I know that this question might sound very stupid for +90% of you, but my brain doesn't really get the electricity generation.
The thing that I don't understand is what does a generator produce, voltage or current when it spins? Sometimes I see that a generator can produce x amount of potential and y amount of current.
I'm starting from the basics of electricity. A spinning/moving magnet makes the electrons move in one direction, generating a potential due to the change in kinetic energy, right? So if one would connect a multi-meter at both terminals, one would read the voltage. I did this and it's easy to comprehend. Now things start to confuse me.
Sometimes, one can see on the specifications that a motor can deliver a certain current and this is what I don't understand. The current is related to the potential through Ohm's law, right? In other words, the current is dependent only on the resistance of a load (or wire) and the potential. Also, the current flows only if there is a voltage gradient/drop. Why is there the current specified on generators like this one?
What confuses me is this intrinsic combination of voltage-current on the generator. Can anyone help me to understand this? Thank you and sorry for dropping the IQ of this group.
Best Answer
Internally, a generator produces voltage proportional to its speed.
However, that doesn't mean a constant voltage always comes out of a generator run at a fixed speed. The windings and other parts of the generator have some electrical resistance.
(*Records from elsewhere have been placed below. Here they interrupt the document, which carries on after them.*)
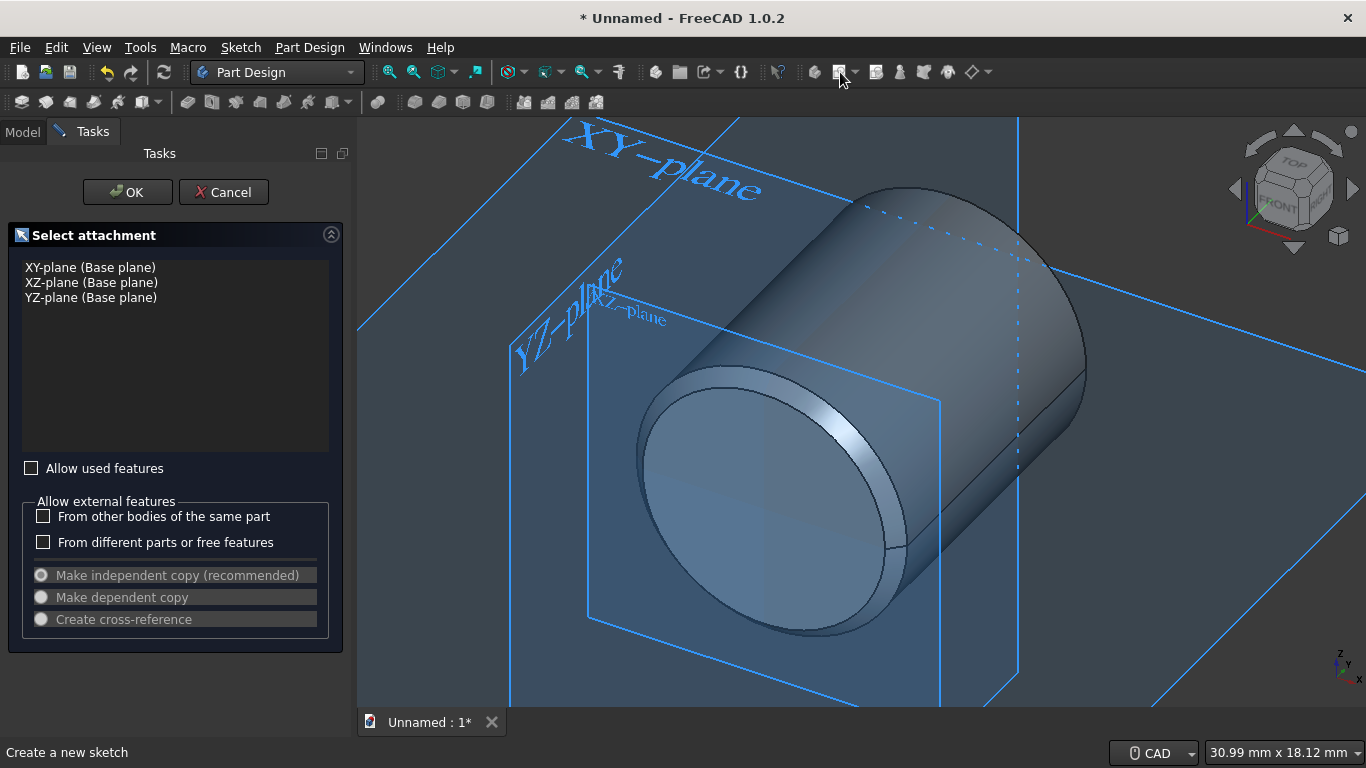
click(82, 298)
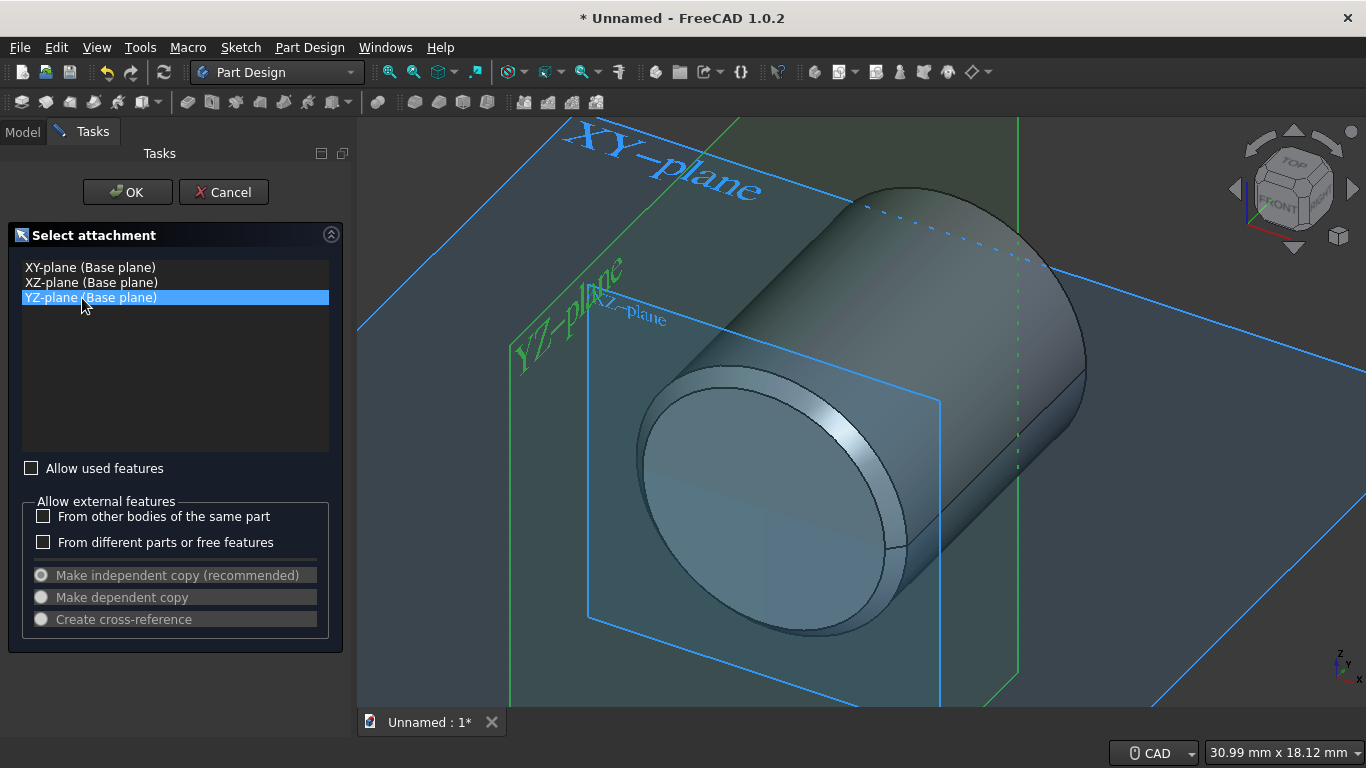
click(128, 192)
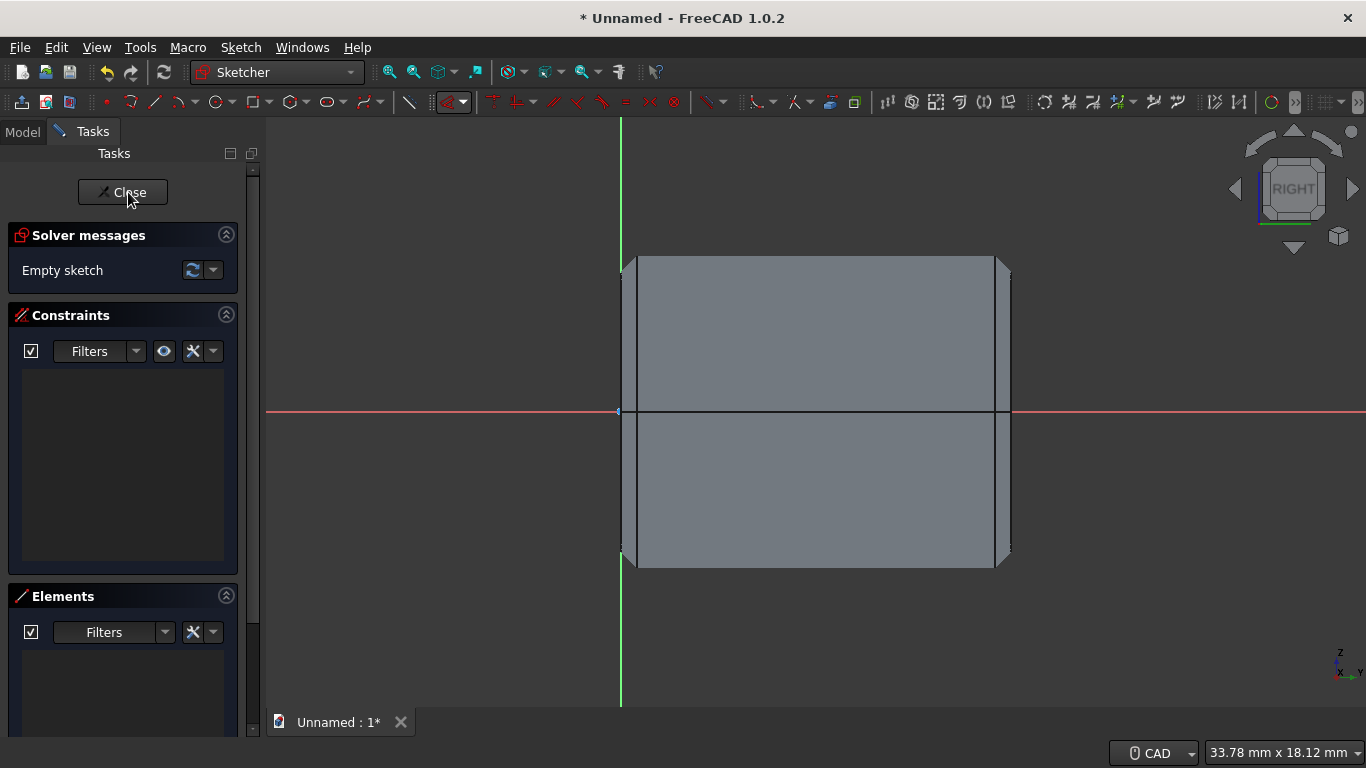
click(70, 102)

To a first approximation, you can think of a generator as a voltage source proportional to speed, with a fixed resistance in series.
When current flows as a result of a load on the generator, two things happen:
For example, let's say a particular generator when spun at 60 Hz (3600 RPM) produces 50 V RMS with no load. No load means the current is 0, so the voltage drop across the internal resistance is zero. Therefore, at no load you get to see the actuall internal voltage the generator generates.
Let's further say that the internal resistance is 2 Ω. If you connect a 75 Ω load to the generator, the internal voltage source now sees the internal resistance and your load in series as its load. That means the load on the internal voltage source is 77 Ω. The current is (50 V)/(77 Ω) = 649 mA. The drop across the unavoidable internal resistance is (649 mA)(2 Ω) = 1.3 V. You therefore get 48.7 V at 649 mA.
The total electrical power the generator is producing is (50 V)(649 mA) = 32.5 W. Of that (1.3 V)(649 mA) = 844 mW ends up heating the generator and you actually get (48.7 V)(649 mA) = 31.6 W out. The backwards torque on the shaft created by the 649 mA times the shaft rotation rate is 32.5 W plus whatever it takes to overcome the mechanical friction.
If you were to short the output of the generator, the maximum possible current would flow. However, you don't get any power out since the voltage is zero. All the power produced by the generator goes to heating its internal resistance. The resistance on the shaft would be high. If you managed to continue turning the generator at the same speed anyway, you'd be putting a lot of mechanical power in, and all of it would turn into heat in the generator. For many real generators, this would overheat and destroy them in a relatively short time.
Added
The above discussion was for basic generators. Apparently some are interested in discussing automobile alternators. Those are nowadays complete units with rectifiers, regulators, and feedback, to which the above doesn't apply. It does apply to the bare generator inside a car alternator, but you don't have access to that directly, and its workings are actively modified and obscured by the controller.